Instructions to follow: Exactly as it appears, restate the whole listing.

The records:
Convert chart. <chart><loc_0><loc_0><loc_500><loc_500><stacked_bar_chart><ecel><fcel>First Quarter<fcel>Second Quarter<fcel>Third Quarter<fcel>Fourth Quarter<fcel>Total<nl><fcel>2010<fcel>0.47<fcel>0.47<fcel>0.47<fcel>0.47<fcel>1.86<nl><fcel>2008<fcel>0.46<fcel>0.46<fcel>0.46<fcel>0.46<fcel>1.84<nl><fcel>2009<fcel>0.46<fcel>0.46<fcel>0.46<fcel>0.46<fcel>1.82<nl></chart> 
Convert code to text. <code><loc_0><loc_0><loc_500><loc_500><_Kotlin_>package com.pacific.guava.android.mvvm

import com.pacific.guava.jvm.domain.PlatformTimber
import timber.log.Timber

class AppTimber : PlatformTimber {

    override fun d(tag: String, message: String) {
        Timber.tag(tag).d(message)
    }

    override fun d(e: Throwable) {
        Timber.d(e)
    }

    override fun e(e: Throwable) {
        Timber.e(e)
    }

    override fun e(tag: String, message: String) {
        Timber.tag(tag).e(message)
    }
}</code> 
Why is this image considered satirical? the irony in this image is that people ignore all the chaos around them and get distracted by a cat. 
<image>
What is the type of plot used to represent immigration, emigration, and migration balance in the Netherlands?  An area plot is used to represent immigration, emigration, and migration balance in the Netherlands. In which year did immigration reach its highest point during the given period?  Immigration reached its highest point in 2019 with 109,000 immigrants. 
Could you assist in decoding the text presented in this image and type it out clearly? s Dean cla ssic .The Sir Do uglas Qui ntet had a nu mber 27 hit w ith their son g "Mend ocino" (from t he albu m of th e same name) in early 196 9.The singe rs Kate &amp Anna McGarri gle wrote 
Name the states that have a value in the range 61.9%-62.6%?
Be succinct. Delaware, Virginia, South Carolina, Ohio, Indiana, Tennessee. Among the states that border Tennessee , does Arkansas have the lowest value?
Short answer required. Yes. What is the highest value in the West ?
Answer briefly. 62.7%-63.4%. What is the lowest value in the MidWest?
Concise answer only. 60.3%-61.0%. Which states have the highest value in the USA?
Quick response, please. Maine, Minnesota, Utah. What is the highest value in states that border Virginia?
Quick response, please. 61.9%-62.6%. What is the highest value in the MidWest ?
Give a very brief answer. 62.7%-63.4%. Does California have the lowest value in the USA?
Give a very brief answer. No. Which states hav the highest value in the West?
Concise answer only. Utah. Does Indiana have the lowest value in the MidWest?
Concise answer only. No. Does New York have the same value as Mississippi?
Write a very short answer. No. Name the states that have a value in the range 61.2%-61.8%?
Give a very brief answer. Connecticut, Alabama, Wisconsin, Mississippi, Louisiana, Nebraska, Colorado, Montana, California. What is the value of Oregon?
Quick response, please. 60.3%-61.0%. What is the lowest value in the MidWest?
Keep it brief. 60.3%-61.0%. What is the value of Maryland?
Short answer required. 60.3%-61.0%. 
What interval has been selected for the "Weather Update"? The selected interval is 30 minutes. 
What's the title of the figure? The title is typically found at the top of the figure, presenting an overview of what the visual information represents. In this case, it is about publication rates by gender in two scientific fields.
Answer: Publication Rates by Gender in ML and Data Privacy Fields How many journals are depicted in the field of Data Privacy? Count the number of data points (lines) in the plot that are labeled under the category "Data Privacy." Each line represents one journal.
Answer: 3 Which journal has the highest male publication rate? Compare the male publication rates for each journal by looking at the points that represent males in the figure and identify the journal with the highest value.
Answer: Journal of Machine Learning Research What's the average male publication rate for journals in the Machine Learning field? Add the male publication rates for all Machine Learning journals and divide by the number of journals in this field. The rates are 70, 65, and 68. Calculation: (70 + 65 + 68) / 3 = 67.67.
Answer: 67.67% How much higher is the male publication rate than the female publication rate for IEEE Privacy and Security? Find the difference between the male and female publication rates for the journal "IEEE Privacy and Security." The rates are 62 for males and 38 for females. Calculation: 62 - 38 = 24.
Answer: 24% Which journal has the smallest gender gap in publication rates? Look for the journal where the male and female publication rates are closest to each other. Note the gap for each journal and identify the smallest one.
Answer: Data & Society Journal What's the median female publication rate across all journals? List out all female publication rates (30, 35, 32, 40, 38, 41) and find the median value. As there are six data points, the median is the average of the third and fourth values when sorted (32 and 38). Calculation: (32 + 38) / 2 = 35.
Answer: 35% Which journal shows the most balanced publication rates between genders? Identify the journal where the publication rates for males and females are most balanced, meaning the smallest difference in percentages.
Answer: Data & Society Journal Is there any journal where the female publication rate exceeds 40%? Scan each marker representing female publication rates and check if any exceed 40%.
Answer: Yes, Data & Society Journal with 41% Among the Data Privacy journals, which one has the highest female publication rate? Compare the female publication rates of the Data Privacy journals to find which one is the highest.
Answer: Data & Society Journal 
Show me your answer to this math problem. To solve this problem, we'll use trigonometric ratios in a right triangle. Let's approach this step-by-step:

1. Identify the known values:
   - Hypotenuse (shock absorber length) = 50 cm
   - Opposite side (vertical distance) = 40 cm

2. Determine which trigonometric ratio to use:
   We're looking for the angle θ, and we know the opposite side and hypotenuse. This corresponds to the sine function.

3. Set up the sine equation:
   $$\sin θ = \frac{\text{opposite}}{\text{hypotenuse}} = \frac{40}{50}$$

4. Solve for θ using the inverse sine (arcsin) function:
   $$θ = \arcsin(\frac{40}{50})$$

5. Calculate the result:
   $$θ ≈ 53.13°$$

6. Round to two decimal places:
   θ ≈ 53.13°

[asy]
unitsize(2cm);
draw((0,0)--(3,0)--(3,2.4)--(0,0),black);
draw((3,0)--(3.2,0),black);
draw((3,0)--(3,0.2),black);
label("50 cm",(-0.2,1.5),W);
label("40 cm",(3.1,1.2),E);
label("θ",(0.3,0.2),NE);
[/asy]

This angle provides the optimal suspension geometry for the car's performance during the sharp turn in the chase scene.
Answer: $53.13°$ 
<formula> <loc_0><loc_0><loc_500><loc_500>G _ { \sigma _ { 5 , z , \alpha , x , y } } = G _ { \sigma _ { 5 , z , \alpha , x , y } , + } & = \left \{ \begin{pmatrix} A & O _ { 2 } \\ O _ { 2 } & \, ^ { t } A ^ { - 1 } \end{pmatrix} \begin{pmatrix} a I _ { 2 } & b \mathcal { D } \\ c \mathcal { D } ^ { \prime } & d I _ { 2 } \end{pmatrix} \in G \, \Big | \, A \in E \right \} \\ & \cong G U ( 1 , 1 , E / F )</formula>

Answer section:
Convert chart. <chart><loc_0><loc_0><loc_500><loc_500><stacked_bar_chart><ecel><fcel>First Quarter<fcel>Second Quarter<fcel>Third Quarter<fcel>Fourth Quarter<fcel>Total<nl><fcel>2010<fcel>0.47<fcel>0.47<fcel>0.47<fcel>0.47<fcel>1.86<nl><fcel>2008<fcel>0.46<fcel>0.46<fcel>0.46<fcel>0.46<fcel>1.84<nl><fcel>2009<fcel>0.46<fcel>0.46<fcel>0.46<fcel>0.46<fcel>1.82<nl></chart> 
Convert code to text. <code><loc_0><loc_0><loc_500><loc_500><_Kotlin_>package com.pacific.guava.android.mvvm

import com.pacific.guava.jvm.domain.PlatformTimber
import timber.log.Timber

class AppTimber : PlatformTimber {

    override fun d(tag: String, message: String) {
        Timber.tag(tag).d(message)
    }

    override fun d(e: Throwable) {
        Timber.d(e)
    }

    override fun e(e: Throwable) {
        Timber.e(e)
    }

    override fun e(tag: String, message: String) {
        Timber.tag(tag).e(message)
    }
}</code> 
Why is this image considered satirical? the irony in this image is that people ignore all the chaos around them and get distracted by a cat. 
<image>
What is the type of plot used to represent immigration, emigration, and migration balance in the Netherlands?  An area plot is used to represent immigration, emigration, and migration balance in the Netherlands. In which year did immigration reach its highest point during the given period?  Immigration reached its highest point in 2019 with 109,000 immigrants. 
Could you assist in decoding the text presented in this image and type it out clearly? s Dean cla ssic .The Sir Do uglas Qui ntet had a nu mber 27 hit w ith their son g "Mend ocino" (from t he albu m of th e same name) in early 196 9.The singe rs Kate &amp Anna McGarri gle wrote 
Name the states that have a value in the range 61.9%-62.6%?
Be succinct. Delaware, Virginia, South Carolina, Ohio, Indiana, Tennessee. Among the states that border Tennessee , does Arkansas have the lowest value?
Short answer required. Yes. What is the highest value in the West ?
Answer briefly. 62.7%-63.4%. What is the lowest value in the MidWest?
Concise answer only. 60.3%-61.0%. Which states have the highest value in the USA?
Quick response, please. Maine, Minnesota, Utah. What is the highest value in states that border Virginia?
Quick response, please. 61.9%-62.6%. What is the highest value in the MidWest ?
Give a very brief answer. 62.7%-63.4%. Does California have the lowest value in the USA?
Give a very brief answer. No. Which states hav the highest value in the West?
Concise answer only. Utah. Does Indiana have the lowest value in the MidWest?
Concise answer only. No. Does New York have the same value as Mississippi?
Write a very short answer. No. Name the states that have a value in the range 61.2%-61.8%?
Give a very brief answer. Connecticut, Alabama, Wisconsin, Mississippi, Louisiana, Nebraska, Colorado, Montana, California. What is the value of Oregon?
Quick response, please. 60.3%-61.0%. What is the lowest value in the MidWest?
Keep it brief. 60.3%-61.0%. What is the value of Maryland?
Short answer required. 60.3%-61.0%. 
What interval has been selected for the "Weather Update"? The selected interval is 30 minutes. 
What's the title of the figure? The title is typically found at the top of the figure, presenting an overview of what the visual information represents. In this case, it is about publication rates by gender in two scientific fields.
Answer: Publication Rates by Gender in ML and Data Privacy Fields How many journals are depicted in the field of Data Privacy? Count the number of data points (lines) in the plot that are labeled under the category "Data Privacy." Each line represents one journal.
Answer: 3 Which journal has the highest male publication rate? Compare the male publication rates for each journal by looking at the points that represent males in the figure and identify the journal with the highest value.
Answer: Journal of Machine Learning Research What's the average male publication rate for journals in the Machine Learning field? Add the male publication rates for all Machine Learning journals and divide by the number of journals in this field. The rates are 70, 65, and 68. Calculation: (70 + 65 + 68) / 3 = 67.67.
Answer: 67.67% How much higher is the male publication rate than the female publication rate for IEEE Privacy and Security? Find the difference between the male and female publication rates for the journal "IEEE Privacy and Security." The rates are 62 for males and 38 for females. Calculation: 62 - 38 = 24.
Answer: 24% Which journal has the smallest gender gap in publication rates? Look for the journal where the male and female publication rates are closest to each other. Note the gap for each journal and identify the smallest one.
Answer: Data & Society Journal What's the median female publication rate across all journals? List out all female publication rates (30, 35, 32, 40, 38, 41) and find the median value. As there are six data points, the median is the average of the third and fourth values when sorted (32 and 38). Calculation: (32 + 38) / 2 = 35.
Answer: 35% Which journal shows the most balanced publication rates between genders? Identify the journal where the publication rates for males and females are most balanced, meaning the smallest difference in percentages.
Answer: Data & Society Journal Is there any journal where the female publication rate exceeds 40%? Scan each marker representing female publication rates and check if any exceed 40%.
Answer: Yes, Data & Society Journal with 41% Among the Data Privacy journals, which one has the highest female publication rate? Compare the female publication rates of the Data Privacy journals to find which one is the highest.
Answer: Data & Society Journal 
Show me your answer to this math problem. To solve this problem, we'll use trigonometric ratios in a right triangle. Let's approach this step-by-step:

1. Identify the known values:
   - Hypotenuse (shock absorber length) = 50 cm
   - Opposite side (vertical distance) = 40 cm

2. Determine which trigonometric ratio to use:
   We're looking for the angle θ, and we know the opposite side and hypotenuse. This corresponds to the sine function.

3. Set up the sine equation:
   $$\sin θ = \frac{\text{opposite}}{\text{hypotenuse}} = \frac{40}{50}$$

4. Solve for θ using the inverse sine (arcsin) function:
   $$θ = \arcsin(\frac{40}{50})$$

5. Calculate the result:
   $$θ ≈ 53.13°$$

6. Round to two decimal places:
   θ ≈ 53.13°

[asy]
unitsize(2cm);
draw((0,0)--(3,0)--(3,2.4)--(0,0),black);
draw((3,0)--(3.2,0),black);
draw((3,0)--(3,0.2),black);
label("50 cm",(-0.2,1.5),W);
label("40 cm",(3.1,1.2),E);
label("θ",(0.3,0.2),NE);
[/asy]

This angle provides the optimal suspension geometry for the car's performance during the sharp turn in the chase scene.
Answer: $53.13°$ 
<formula> <loc_0><loc_0><loc_500><loc_500>G _ { \sigma _ { 5 , z , \alpha , x , y } } = G _ { \sigma _ { 5 , z , \alpha , x , y } , + } & = \left \{ \begin{pmatrix} A & O _ { 2 } \\ O _ { 2 } & \, ^ { t } A ^ { - 1 } \end{pmatrix} \begin{pmatrix} a I _ { 2 } & b \mathcal { D } \\ c \mathcal { D } ^ { \prime } & d I _ { 2 } \end{pmatrix} \in G \, \Big | \, A \in E \right \} \\ & \cong G U ( 1 , 1 , E / F )</formula>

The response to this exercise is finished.